Looking at the listing below, retype exactly the lines starting at the one containing "- cardboard box at [1755, 239, 1800, 242]" and ending at the one containing "- cardboard box at [1846, 253, 1919, 315]", both included, and nothing else.

"""

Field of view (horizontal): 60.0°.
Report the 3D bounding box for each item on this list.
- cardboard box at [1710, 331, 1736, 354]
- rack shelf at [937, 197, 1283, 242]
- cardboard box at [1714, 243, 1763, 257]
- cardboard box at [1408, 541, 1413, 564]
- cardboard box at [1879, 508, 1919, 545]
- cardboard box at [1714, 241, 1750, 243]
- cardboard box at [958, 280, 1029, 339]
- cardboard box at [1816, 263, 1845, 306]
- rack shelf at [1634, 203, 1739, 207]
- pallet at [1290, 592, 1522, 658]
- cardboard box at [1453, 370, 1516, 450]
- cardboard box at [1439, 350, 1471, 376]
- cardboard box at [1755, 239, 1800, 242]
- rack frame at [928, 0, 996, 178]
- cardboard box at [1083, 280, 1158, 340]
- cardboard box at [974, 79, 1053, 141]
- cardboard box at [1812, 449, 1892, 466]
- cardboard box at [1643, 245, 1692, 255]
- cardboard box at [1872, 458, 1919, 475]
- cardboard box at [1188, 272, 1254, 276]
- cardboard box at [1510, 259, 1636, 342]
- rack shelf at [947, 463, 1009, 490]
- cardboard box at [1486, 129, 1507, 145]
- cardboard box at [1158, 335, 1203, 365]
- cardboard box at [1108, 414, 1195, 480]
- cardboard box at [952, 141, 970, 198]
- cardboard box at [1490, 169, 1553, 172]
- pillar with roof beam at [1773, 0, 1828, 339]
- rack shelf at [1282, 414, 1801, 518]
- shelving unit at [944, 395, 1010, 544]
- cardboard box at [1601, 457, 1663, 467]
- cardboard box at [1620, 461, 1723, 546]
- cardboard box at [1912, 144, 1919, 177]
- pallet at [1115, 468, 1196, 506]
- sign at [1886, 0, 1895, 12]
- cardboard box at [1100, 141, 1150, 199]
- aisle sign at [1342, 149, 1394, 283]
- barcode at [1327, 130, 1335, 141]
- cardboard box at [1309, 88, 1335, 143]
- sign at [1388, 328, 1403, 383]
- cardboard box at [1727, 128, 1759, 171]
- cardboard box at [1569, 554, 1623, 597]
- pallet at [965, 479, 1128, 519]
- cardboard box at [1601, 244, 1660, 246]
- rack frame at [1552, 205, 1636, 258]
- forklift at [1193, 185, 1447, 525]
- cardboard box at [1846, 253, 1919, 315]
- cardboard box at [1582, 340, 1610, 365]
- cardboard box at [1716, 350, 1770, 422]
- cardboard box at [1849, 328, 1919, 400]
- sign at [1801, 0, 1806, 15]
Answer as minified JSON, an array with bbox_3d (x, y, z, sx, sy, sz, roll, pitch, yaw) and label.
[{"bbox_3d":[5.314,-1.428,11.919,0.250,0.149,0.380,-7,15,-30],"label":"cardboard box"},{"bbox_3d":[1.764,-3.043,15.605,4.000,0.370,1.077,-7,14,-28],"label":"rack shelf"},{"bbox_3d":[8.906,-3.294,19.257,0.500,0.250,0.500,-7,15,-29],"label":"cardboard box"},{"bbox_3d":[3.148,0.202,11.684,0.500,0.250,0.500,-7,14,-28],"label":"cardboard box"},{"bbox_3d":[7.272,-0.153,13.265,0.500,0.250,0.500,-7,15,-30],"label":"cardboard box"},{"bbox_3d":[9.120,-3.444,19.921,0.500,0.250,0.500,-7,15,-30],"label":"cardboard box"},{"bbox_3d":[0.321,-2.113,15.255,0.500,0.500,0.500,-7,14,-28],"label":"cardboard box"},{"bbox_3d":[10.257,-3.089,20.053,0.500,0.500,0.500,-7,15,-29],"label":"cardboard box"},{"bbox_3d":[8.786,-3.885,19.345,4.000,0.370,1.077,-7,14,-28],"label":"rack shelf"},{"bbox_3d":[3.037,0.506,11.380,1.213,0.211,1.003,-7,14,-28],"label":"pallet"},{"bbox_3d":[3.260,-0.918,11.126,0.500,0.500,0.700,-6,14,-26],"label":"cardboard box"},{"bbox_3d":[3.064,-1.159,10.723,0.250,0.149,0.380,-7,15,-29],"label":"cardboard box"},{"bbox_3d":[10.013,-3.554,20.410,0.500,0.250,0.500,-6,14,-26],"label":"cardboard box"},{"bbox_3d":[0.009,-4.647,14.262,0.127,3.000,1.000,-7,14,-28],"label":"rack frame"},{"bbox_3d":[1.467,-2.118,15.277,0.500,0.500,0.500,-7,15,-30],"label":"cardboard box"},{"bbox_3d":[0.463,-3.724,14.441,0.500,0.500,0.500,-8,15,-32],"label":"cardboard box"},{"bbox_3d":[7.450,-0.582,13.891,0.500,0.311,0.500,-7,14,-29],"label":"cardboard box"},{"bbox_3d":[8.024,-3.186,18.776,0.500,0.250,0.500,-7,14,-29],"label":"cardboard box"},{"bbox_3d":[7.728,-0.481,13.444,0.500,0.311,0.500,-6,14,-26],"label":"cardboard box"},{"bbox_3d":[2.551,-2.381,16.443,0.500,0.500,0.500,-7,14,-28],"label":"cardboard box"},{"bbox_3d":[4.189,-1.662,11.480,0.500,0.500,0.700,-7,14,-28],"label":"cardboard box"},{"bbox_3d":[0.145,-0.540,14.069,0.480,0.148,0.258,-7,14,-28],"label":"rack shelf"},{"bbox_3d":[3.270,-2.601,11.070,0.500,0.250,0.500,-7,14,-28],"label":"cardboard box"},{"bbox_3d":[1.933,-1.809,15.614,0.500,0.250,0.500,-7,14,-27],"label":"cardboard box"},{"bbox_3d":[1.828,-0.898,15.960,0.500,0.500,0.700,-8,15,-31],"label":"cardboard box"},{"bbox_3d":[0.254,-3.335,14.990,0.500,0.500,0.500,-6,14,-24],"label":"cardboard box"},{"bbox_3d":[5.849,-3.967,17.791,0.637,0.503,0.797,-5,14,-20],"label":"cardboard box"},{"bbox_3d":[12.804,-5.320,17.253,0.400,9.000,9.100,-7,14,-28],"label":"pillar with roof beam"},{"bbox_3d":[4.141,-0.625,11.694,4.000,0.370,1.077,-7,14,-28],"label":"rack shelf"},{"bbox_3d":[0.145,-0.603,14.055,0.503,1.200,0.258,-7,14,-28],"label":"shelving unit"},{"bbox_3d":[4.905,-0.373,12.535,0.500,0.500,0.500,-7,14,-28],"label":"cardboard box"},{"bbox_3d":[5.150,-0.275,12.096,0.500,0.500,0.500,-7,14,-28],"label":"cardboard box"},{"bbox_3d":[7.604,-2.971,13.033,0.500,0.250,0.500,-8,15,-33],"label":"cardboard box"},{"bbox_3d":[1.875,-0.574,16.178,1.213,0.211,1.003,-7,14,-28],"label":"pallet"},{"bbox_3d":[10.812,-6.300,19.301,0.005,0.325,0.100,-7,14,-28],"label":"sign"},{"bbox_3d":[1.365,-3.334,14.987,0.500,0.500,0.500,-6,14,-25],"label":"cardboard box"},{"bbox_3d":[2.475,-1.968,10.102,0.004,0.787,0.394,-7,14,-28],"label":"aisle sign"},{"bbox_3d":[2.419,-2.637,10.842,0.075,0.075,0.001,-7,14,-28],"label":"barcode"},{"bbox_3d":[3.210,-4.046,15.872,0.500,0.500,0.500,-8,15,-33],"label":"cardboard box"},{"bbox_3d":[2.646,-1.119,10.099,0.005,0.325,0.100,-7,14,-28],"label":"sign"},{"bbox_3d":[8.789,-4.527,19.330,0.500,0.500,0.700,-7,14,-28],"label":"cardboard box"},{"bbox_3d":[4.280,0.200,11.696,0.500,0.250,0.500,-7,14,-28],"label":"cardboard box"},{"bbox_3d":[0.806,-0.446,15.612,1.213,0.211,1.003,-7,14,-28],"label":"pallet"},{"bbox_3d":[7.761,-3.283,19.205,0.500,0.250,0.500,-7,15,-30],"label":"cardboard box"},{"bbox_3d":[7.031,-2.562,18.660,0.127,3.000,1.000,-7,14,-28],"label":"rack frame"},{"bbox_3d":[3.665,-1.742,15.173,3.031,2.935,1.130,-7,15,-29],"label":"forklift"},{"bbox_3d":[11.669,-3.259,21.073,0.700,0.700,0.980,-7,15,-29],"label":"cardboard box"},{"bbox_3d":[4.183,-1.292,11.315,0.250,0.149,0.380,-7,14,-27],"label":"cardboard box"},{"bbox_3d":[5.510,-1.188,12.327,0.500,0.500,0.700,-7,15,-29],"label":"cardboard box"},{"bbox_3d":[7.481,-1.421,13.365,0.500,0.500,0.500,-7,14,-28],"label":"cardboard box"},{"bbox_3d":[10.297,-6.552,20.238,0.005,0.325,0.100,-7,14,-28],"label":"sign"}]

"""

OUTPUT FOR THIS TASK
- cardboard box at [1755, 239, 1800, 242]
- rack frame at [928, 0, 996, 178]
- cardboard box at [1083, 280, 1158, 340]
- cardboard box at [974, 79, 1053, 141]
- cardboard box at [1812, 449, 1892, 466]
- cardboard box at [1643, 245, 1692, 255]
- cardboard box at [1872, 458, 1919, 475]
- cardboard box at [1188, 272, 1254, 276]
- cardboard box at [1510, 259, 1636, 342]
- rack shelf at [947, 463, 1009, 490]
- cardboard box at [1486, 129, 1507, 145]
- cardboard box at [1158, 335, 1203, 365]
- cardboard box at [1108, 414, 1195, 480]
- cardboard box at [952, 141, 970, 198]
- cardboard box at [1490, 169, 1553, 172]
- pillar with roof beam at [1773, 0, 1828, 339]
- rack shelf at [1282, 414, 1801, 518]
- shelving unit at [944, 395, 1010, 544]
- cardboard box at [1601, 457, 1663, 467]
- cardboard box at [1620, 461, 1723, 546]
- cardboard box at [1912, 144, 1919, 177]
- pallet at [1115, 468, 1196, 506]
- sign at [1886, 0, 1895, 12]
- cardboard box at [1100, 141, 1150, 199]
- aisle sign at [1342, 149, 1394, 283]
- barcode at [1327, 130, 1335, 141]
- cardboard box at [1309, 88, 1335, 143]
- sign at [1388, 328, 1403, 383]
- cardboard box at [1727, 128, 1759, 171]
- cardboard box at [1569, 554, 1623, 597]
- pallet at [965, 479, 1128, 519]
- cardboard box at [1601, 244, 1660, 246]
- rack frame at [1552, 205, 1636, 258]
- forklift at [1193, 185, 1447, 525]
- cardboard box at [1846, 253, 1919, 315]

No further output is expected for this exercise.